Consider opting out of research databases. Many hospitals contribute de-identified imaging data to large repositories for algorithm development. While these efforts can improve medicine, they also carry re-identification risk. If you are uncomfortable, ask to be excluded from any such database.
Monitor your medical records. After an imaging exam, request a copy of the report and images (often available through a patient portal). If something looks off—a finding you don’t recall, or an image that seems inconsistent—flag it with your doctor. Deepfake manipulation could show up as a discrepancy.
Stay informed about breaches. The U.S. Department of Health and Human Services maintains a public list of large health data breaches. If your provider has had an incident, you should be notified, but you can also check the list. In case of a breach involving your images, change any passwords and monitor for identity theft.
Sources
- Radiological Society of North America (RSNA). “Medical Imaging AI Opens a Pandora’s Box of Privacy-Related Risks.” RSNA News, 2025.

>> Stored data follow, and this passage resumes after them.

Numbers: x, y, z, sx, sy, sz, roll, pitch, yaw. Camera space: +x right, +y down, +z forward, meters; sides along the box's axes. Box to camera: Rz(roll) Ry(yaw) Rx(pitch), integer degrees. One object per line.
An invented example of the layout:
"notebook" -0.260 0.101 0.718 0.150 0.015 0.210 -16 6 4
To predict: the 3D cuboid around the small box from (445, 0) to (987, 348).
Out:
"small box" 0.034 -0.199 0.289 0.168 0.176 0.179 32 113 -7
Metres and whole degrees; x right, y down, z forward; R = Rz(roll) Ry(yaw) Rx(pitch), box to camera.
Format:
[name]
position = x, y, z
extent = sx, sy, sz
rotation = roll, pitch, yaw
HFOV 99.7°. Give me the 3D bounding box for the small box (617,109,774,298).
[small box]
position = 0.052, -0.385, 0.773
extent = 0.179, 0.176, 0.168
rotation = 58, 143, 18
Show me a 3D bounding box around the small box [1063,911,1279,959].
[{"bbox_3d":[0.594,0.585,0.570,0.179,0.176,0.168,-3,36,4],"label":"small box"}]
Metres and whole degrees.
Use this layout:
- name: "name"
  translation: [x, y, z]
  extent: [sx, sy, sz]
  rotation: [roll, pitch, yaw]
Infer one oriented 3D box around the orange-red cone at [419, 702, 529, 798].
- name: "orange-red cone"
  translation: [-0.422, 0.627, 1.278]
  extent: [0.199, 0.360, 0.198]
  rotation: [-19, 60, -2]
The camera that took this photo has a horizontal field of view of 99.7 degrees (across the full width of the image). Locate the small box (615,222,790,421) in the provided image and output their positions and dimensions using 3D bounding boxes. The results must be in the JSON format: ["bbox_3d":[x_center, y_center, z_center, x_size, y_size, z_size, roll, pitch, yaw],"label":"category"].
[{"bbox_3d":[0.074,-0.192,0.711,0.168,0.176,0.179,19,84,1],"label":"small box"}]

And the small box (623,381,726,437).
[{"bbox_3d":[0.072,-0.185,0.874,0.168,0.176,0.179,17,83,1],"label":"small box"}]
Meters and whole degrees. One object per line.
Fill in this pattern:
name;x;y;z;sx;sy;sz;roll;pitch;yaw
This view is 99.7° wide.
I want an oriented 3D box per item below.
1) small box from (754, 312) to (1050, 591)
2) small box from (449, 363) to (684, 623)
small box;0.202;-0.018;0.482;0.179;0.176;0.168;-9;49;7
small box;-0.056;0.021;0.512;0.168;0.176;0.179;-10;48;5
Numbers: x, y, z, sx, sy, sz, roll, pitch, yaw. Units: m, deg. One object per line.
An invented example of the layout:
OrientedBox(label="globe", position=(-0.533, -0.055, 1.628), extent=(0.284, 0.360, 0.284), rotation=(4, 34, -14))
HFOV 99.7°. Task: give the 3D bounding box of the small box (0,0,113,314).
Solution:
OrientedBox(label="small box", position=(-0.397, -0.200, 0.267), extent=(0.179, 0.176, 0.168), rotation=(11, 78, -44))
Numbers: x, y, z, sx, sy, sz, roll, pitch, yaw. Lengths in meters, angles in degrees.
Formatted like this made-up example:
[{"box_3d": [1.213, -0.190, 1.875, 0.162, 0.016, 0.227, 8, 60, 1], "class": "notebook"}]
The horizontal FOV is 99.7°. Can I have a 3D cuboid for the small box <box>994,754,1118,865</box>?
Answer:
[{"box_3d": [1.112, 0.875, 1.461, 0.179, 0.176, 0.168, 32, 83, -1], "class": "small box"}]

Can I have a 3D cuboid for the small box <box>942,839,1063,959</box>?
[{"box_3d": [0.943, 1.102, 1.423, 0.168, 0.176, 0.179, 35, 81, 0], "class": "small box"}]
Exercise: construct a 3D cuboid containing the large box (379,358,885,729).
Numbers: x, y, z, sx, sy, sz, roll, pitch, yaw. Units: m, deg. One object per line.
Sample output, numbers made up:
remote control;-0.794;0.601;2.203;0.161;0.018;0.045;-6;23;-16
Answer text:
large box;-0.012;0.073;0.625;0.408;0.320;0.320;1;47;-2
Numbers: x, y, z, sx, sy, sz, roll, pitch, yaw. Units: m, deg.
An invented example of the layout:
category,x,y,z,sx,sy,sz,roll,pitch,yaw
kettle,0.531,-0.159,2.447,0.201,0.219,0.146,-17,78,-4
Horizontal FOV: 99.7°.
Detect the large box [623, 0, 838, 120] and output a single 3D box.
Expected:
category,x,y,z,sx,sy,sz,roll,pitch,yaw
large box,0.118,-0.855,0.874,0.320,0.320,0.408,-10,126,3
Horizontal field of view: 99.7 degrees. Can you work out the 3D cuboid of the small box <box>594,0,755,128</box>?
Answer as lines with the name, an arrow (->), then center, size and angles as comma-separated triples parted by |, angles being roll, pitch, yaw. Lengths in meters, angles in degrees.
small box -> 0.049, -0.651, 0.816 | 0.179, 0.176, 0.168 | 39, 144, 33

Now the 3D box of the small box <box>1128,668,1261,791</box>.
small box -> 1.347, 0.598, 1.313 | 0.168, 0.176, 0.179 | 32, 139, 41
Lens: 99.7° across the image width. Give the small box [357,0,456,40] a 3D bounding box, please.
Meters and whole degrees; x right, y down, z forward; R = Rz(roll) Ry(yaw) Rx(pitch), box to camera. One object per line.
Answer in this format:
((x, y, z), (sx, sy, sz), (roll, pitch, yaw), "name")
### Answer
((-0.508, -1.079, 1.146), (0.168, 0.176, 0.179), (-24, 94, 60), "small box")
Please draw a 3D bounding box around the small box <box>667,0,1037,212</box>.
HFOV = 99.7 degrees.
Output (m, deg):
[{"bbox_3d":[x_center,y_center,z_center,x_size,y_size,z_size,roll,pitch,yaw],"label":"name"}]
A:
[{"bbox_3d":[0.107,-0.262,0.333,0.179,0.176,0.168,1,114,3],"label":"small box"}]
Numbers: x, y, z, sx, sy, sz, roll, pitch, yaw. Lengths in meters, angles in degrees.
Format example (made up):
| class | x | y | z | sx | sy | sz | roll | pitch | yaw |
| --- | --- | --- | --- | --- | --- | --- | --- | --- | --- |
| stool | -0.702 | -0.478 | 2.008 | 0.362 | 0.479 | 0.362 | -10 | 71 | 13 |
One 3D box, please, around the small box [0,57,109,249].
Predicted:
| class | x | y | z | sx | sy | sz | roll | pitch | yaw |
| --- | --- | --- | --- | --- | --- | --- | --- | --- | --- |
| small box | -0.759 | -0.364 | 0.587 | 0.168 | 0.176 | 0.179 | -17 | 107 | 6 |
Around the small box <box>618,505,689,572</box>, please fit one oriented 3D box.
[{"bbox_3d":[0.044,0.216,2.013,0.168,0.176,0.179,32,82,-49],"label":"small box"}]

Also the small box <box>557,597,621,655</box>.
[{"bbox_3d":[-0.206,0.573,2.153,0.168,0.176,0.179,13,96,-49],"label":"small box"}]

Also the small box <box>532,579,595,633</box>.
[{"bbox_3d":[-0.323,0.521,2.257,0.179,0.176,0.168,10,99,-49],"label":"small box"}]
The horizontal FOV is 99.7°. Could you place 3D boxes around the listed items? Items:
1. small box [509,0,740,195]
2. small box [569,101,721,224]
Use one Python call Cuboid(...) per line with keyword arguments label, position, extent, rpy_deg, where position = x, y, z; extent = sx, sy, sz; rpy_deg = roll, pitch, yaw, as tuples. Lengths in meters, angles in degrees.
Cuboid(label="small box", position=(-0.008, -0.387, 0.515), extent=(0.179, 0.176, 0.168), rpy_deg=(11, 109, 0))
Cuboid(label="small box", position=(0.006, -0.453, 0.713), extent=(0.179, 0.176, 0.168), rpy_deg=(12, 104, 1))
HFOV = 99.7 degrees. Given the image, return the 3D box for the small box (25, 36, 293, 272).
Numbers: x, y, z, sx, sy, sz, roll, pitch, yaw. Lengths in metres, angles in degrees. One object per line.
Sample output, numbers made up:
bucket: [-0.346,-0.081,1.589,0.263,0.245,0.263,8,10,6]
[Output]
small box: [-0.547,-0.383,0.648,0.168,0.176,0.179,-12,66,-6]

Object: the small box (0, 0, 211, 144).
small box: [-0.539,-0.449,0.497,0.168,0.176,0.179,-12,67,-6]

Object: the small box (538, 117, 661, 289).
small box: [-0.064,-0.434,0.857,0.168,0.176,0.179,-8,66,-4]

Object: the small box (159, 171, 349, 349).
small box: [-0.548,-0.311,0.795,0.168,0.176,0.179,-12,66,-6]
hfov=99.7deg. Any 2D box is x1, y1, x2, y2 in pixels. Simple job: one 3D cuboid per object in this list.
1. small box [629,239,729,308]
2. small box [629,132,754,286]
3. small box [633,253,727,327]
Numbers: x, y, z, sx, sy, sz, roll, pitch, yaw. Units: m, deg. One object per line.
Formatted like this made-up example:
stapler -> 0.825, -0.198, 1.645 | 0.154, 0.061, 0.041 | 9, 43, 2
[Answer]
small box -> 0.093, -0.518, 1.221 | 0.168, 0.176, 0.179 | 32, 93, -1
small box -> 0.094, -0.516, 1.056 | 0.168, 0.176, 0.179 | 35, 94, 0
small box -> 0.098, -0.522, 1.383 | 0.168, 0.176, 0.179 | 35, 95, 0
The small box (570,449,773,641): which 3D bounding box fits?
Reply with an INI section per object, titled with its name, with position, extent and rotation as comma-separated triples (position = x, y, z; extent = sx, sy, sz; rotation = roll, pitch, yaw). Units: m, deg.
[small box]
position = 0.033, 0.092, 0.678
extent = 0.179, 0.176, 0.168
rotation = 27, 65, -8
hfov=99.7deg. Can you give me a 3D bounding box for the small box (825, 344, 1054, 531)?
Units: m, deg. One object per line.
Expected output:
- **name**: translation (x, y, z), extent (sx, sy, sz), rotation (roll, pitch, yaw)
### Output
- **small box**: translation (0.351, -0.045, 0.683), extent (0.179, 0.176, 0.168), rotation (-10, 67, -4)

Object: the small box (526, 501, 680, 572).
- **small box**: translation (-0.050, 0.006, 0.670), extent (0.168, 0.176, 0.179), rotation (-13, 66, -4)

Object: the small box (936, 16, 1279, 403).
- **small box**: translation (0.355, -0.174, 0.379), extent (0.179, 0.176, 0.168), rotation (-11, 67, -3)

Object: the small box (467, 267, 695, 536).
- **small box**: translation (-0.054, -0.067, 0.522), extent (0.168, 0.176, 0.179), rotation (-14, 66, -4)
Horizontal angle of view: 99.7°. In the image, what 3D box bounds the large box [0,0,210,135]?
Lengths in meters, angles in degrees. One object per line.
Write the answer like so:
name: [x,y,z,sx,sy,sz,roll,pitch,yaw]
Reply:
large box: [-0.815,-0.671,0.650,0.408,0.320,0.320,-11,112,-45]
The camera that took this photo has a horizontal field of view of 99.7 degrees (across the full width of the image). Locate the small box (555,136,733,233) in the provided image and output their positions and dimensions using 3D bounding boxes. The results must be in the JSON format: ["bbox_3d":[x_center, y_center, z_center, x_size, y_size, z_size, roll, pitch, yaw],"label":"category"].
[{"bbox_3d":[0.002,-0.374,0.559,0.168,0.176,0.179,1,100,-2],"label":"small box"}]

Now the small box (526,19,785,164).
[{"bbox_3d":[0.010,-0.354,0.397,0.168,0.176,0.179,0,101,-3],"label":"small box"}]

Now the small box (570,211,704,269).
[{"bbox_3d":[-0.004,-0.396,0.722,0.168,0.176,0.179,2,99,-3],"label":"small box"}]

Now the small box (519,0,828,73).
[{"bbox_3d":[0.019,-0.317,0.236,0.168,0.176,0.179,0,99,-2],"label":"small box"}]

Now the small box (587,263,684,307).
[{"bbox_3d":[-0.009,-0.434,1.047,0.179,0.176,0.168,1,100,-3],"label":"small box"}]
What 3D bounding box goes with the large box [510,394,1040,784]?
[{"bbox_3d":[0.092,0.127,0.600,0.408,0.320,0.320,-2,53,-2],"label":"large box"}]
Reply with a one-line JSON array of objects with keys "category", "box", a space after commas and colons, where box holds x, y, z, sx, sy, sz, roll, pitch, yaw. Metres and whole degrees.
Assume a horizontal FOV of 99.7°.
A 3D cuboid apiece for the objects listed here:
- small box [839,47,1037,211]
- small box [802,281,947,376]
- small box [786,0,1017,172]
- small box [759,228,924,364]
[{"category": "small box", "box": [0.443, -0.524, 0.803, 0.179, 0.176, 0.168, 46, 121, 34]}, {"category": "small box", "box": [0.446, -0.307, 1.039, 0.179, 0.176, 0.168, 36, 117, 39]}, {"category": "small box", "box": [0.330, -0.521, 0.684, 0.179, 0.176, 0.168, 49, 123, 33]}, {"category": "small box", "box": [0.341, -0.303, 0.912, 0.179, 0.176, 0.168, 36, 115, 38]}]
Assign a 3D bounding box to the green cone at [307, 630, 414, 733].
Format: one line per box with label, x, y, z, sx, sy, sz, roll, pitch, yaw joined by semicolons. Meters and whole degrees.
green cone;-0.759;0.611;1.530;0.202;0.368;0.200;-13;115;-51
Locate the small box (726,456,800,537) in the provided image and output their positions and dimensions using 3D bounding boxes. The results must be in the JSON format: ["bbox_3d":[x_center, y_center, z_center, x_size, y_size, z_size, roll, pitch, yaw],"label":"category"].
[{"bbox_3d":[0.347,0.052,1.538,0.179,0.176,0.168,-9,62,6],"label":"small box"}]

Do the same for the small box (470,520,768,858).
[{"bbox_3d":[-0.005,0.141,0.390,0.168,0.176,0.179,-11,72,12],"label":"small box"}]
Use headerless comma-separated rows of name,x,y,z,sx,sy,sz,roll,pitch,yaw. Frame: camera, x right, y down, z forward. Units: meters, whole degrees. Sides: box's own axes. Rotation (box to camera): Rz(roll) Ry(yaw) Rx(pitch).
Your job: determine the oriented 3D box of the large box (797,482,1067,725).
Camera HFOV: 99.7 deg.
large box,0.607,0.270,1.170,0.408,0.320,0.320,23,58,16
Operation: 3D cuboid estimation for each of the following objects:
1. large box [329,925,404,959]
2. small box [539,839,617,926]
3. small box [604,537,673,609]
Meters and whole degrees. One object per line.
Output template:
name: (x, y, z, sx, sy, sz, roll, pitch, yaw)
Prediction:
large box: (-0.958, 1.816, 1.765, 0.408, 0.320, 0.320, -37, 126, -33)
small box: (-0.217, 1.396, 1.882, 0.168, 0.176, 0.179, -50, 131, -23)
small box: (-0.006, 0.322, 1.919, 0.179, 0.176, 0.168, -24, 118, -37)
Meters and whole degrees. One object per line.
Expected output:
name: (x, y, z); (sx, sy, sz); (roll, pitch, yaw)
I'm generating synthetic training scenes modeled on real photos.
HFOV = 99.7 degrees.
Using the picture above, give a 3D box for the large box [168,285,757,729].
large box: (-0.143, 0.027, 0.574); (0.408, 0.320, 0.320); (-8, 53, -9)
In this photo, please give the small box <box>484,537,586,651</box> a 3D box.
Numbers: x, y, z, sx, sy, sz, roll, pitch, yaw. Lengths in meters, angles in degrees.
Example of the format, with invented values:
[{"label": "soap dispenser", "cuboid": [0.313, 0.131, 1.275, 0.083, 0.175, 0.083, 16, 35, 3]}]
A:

- Mirsky, Y., et al. “CT-GAN: Malicious Tampering of 3D Medical Imagery using Deep Learning.” USENIX Security Symposium, 2019.
- Schwarz, C. G., et al. “Identification of Anonymous MRI Research Participants with Face-Recognition Software.” New England Journal of Medicine, 2019.
- U.S. Department of Health and Human Services. “Breach Portal: Notice to the Secretary of HHS Breach of Unsecured Protected Health Information.” Accessed 2026.
- European Society of Radiology. “Patient Data Privacy and AI in Imaging,” 2024.